◆ Records for this exercise
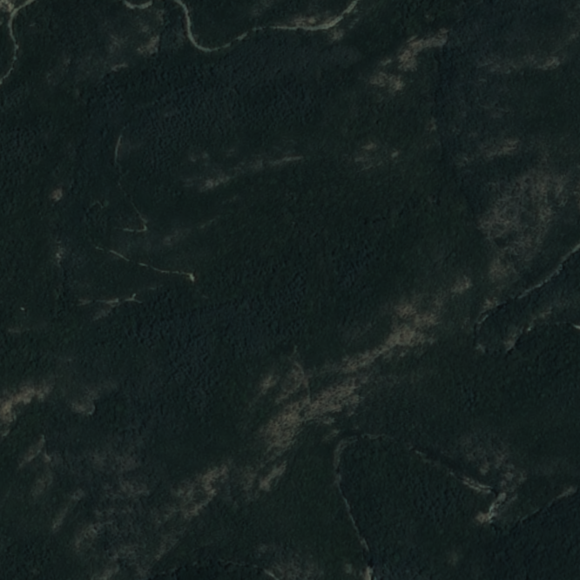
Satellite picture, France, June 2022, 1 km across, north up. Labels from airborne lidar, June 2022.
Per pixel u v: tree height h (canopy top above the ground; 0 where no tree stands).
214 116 13
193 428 6
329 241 13
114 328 9
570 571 9
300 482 9
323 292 8
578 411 7
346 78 10
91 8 8
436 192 12
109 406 13
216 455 6
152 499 8
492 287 7
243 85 20
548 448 6
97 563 8
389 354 6
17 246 10
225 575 18
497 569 9
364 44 8
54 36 11
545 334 10
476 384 15
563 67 7
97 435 7
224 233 7
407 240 9
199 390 15
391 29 8
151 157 12
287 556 6
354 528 8
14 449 13
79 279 8
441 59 15
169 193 7
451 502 17
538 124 8
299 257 8
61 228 7
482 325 6
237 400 8
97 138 7
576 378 6
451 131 6
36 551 13
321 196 14
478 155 6
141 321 14
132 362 6
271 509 5
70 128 11
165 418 7
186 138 10
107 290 5
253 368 6
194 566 11
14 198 15
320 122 8
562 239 10
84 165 8
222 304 8
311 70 16
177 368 16
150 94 5
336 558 7
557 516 10
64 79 7
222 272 15
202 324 19
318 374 6
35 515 6
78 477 7
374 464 8
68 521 7
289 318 12
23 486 6
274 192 8
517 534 12
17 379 7
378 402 14
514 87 6
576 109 6
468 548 10
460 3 10
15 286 12
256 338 20
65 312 12
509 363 18
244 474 6
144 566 5
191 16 7
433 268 6
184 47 6
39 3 13
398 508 7
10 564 9
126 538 6
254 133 6
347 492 11
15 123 9
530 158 6
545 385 7
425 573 8
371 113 12
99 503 9
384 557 7
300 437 11
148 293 7
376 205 14
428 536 7
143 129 12
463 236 14
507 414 5
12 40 8
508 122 7
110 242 6
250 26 8
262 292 13
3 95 9
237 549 10
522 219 8
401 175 10
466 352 17
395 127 6
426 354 12
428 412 7
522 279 7
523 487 8
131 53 6
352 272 15
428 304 6
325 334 7
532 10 6
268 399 7
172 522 8
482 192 9
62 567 6
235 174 7
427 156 10
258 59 26
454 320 9
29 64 8
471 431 7
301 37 6
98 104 6
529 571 12
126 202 8
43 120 14
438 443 7
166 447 7
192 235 6
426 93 12
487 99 7
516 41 6
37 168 7
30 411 10
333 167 10
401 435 9
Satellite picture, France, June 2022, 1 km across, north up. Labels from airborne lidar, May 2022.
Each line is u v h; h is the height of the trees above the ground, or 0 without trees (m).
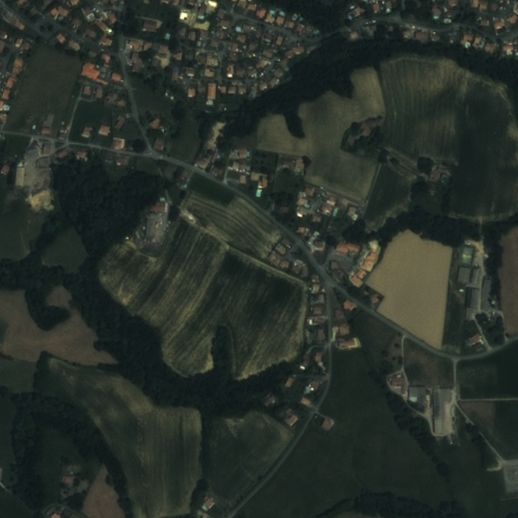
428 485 0
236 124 26
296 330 0
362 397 0
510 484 0
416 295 0
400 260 0
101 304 28
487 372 0
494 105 0
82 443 23
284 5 11
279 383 13
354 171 0
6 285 21
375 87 0
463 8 14
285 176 0
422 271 0
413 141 0
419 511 22
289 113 23
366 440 0
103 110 0
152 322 0
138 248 0
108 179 8
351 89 9
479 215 0
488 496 0
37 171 0
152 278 0
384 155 12
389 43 14
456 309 0
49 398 16
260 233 0
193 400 22
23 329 0
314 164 0
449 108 0
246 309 0
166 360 0
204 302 0
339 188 0
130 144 6
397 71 0
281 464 0
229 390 19
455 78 0
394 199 0
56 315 24
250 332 0
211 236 0
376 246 0
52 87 0
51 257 0
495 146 0
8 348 0
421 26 0
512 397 0
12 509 0
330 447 0
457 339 0
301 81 19
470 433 12
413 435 12
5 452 0
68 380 0
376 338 0
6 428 0
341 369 0
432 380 0
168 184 19
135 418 0
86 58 21
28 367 0
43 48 0
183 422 0
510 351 0
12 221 0
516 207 0
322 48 13
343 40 18
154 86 8
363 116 0
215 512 0
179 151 0
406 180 0
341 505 15
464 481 0
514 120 0
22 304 0
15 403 16
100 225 27
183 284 0
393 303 0
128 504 19
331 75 26
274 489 0
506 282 0
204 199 0
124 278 0
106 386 0
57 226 25
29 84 0
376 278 0
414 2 19
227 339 22
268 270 0
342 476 0
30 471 18
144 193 28
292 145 0
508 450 0
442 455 0
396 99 0
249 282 0
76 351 0
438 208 0
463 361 0
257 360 0
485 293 0
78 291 29
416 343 0
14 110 0
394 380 0
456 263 0
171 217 12
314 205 0
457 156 0
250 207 0
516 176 0
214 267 0
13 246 0
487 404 0
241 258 0
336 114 0
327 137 0
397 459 0
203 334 0
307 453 0
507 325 0
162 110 0

◆ What is being asked
Pictures stay out; print everything else in the data exactly.

◆ Worked solution
Satellite picture, France, June 2022, 1 km across, north up. Labels from airborne lidar, June 2022.
Per pixel u v: tree height h (canopy top above the ground; 0 where no tree stands).
214 116 13
193 428 6
329 241 13
114 328 9
570 571 9
300 482 9
323 292 8
578 411 7
346 78 10
91 8 8
436 192 12
109 406 13
216 455 6
152 499 8
492 287 7
243 85 20
548 448 6
97 563 8
389 354 6
17 246 10
225 575 18
497 569 9
364 44 8
54 36 11
545 334 10
476 384 15
563 67 7
97 435 7
224 233 7
407 240 9
199 390 15
391 29 8
151 157 12
287 556 6
354 528 8
14 449 13
79 279 8
441 59 15
169 193 7
451 502 17
538 124 8
299 257 8
61 228 7
482 325 6
237 400 8
97 138 7
576 378 6
451 131 6
36 551 13
321 196 14
478 155 6
141 321 14
132 362 6
271 509 5
70 128 11
165 418 7
186 138 10
107 290 5
253 368 6
194 566 11
14 198 15
320 122 8
562 239 10
84 165 8
222 304 8
311 70 16
177 368 16
150 94 5
336 558 7
557 516 10
64 79 7
222 272 15
202 324 19
318 374 6
35 515 6
78 477 7
374 464 8
68 521 7
289 318 12
23 486 6
274 192 8
517 534 12
17 379 7
378 402 14
514 87 6
576 109 6
468 548 10
460 3 10
15 286 12
256 338 20
65 312 12
509 363 18
244 474 6
144 566 5
191 16 7
433 268 6
184 47 6
39 3 13
398 508 7
10 564 9
126 538 6
254 133 6
347 492 11
15 123 9
530 158 6
545 385 7
425 573 8
371 113 12
99 503 9
384 557 7
300 437 11
148 293 7
376 205 14
428 536 7
143 129 12
463 236 14
507 414 5
12 40 8
508 122 7
110 242 6
250 26 8
262 292 13
3 95 9
237 549 10
522 219 8
401 175 10
466 352 17
395 127 6
426 354 12
428 412 7
522 279 7
523 487 8
131 53 6
352 272 15
428 304 6
325 334 7
532 10 6
268 399 7
172 522 8
482 192 9
62 567 6
235 174 7
427 156 10
258 59 26
454 320 9
29 64 8
471 431 7
301 37 6
98 104 6
529 571 12
126 202 8
43 120 14
438 443 7
166 447 7
192 235 6
426 93 12
487 99 7
516 41 6
37 168 7
30 411 10
333 167 10
401 435 9
Satellite picture, France, June 2022, 1 km across, north up. Labels from airborne lidar, May 2022.
Each line is u v h; h is the height of the trees above the ground, or 0 without trees (m).
428 485 0
236 124 26
296 330 0
362 397 0
510 484 0
416 295 0
400 260 0
101 304 28
487 372 0
494 105 0
82 443 23
284 5 11
279 383 13
354 171 0
6 285 21
375 87 0
463 8 14
285 176 0
422 271 0
413 141 0
419 511 22
289 113 23
366 440 0
103 110 0
152 322 0
138 248 0
108 179 8
351 89 9
479 215 0
488 496 0
37 171 0
152 278 0
384 155 12
389 43 14
456 309 0
49 398 16
260 233 0
193 400 22
23 329 0
314 164 0
449 108 0
246 309 0
166 360 0
204 302 0
339 188 0
130 144 6
397 71 0
281 464 0
229 390 19
455 78 0
394 199 0
56 315 24
250 332 0
211 236 0
376 246 0
52 87 0
51 257 0
495 146 0
8 348 0
421 26 0
512 397 0
12 509 0
330 447 0
457 339 0
301 81 19
470 433 12
413 435 12
5 452 0
68 380 0
376 338 0
6 428 0
341 369 0
432 380 0
168 184 19
135 418 0
86 58 21
28 367 0
43 48 0
183 422 0
510 351 0
12 221 0
516 207 0
322 48 13
343 40 18
154 86 8
363 116 0
215 512 0
179 151 0
406 180 0
341 505 15
464 481 0
514 120 0
22 304 0
15 403 16
100 225 27
183 284 0
393 303 0
128 504 19
331 75 26
274 489 0
506 282 0
204 199 0
124 278 0
106 386 0
57 226 25
29 84 0
376 278 0
414 2 19
227 339 22
268 270 0
342 476 0
30 471 18
144 193 28
292 145 0
508 450 0
442 455 0
396 99 0
249 282 0
76 351 0
438 208 0
463 361 0
257 360 0
485 293 0
78 291 29
416 343 0
14 110 0
394 380 0
456 263 0
171 217 12
314 205 0
457 156 0
250 207 0
516 176 0
214 267 0
13 246 0
487 404 0
241 258 0
336 114 0
327 137 0
397 459 0
203 334 0
307 453 0
507 325 0
162 110 0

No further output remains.